Insiders don’t appreciate how remote churches are to outsiders or how difficult it is to get in. Churches don’t signal that they’re semi-public places, like supermarkets or movie theaters, where anyone can go no questions asked. As an outsider, I was too shy to visit any church—afraid that it would be going into a private space where I didn’t belong, afraid I’d be noticed as an intruder, or asked embarrassing questions. There was no easy way of applying to join a church. When I joined the Episcopal Church as an undergraduate I didn’t know any churchgoers: religion simply wasn’t done among people I knew. It took me months after deciding to join to get up the nerve to call the local church and ask to see a priest. I wondered why churches couldn’t make things easier—why, e.g. they didn’t put ads in the college newspaper or leave flyers with forms one could fill out to request information or apply for membership.
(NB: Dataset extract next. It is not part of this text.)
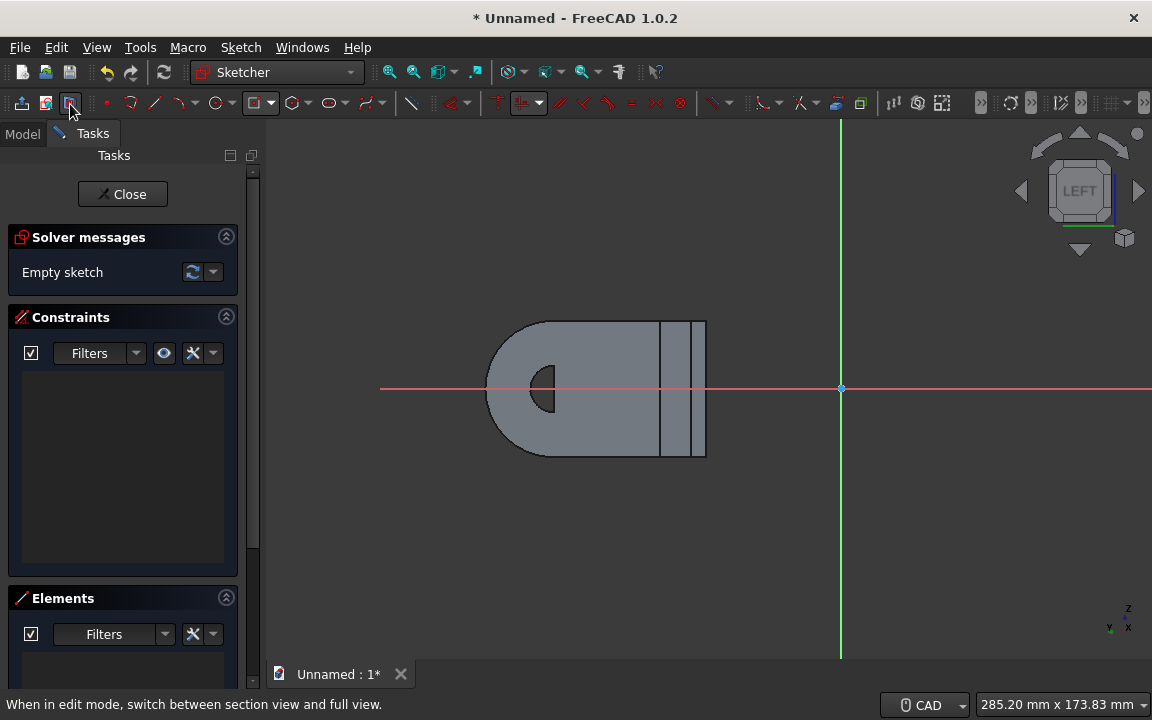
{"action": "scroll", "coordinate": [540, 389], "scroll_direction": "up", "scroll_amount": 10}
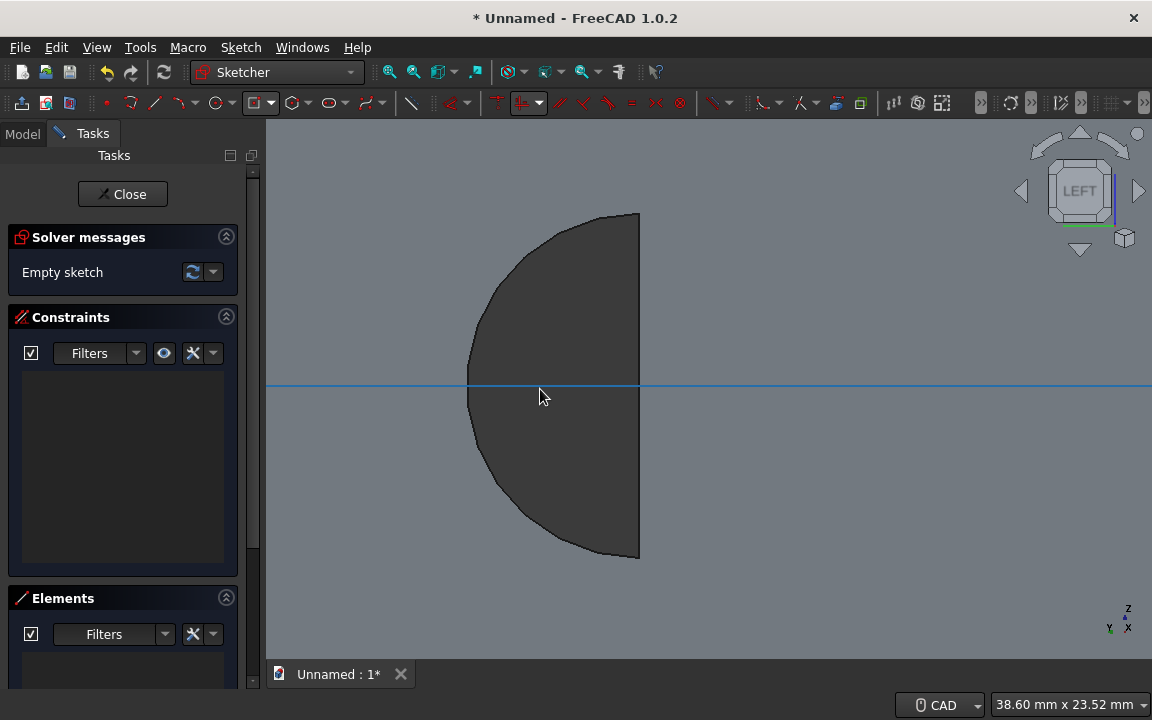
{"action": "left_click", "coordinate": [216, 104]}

Baber was frustrated by confessional asides from Episcopal Priests who assumed that, as a philosopher, she shared their skepticism or outright denial of the existence of God; she was seeking moving, transcendental spiritual existences, not personal denials of faith by the spiritual leaders of the congregations she joined.

She sought ordination for years before finally being rejected affirmatively, and was frustrated when they told her that they had decided against her seven years prior. She had wanted to be involved in important aspects of the Church, but found no structure in which she could influence matters or affect change as a lay person; she sees this as a critical failing of the Church, and believes that the Church is in active decline as a result. This leads to her most scathing criticism of the Church.

Again from the interview:

I am disheartened by the decline of the Church and frustrated because, as a layperson, I can’t do anything about it. In spite of the officially democratic structure of the Episcopal Church, and rhetoric about lay ‘ministry’, laypeople have no voice in matters of importance. The agenda is set from the top, laypeople are heard only when they echo the party line, and priests as well as laypeople are marginalized, beaten down or squeezed out if they don’t go with the program. This has driven some to join break-away groups. That isn’t an option for me because I have no sympathy with the conservative moral positions these groups take and, most especially, because the view that gender is in any way theologically significant is a deal-breaker for me.

Ultimately, these experiences lead her to focus her previous Church energies in The Society of Christian Philosophers. You can read the entire series of interviews on The Prosblogion.

Can you relate to her experiences? Do you think the Church isn’t democratic enough? Do you see value in the hierarchical structure the Church operates from? Do you think her experience of being strung-along is common in the Church, or was she an outlier?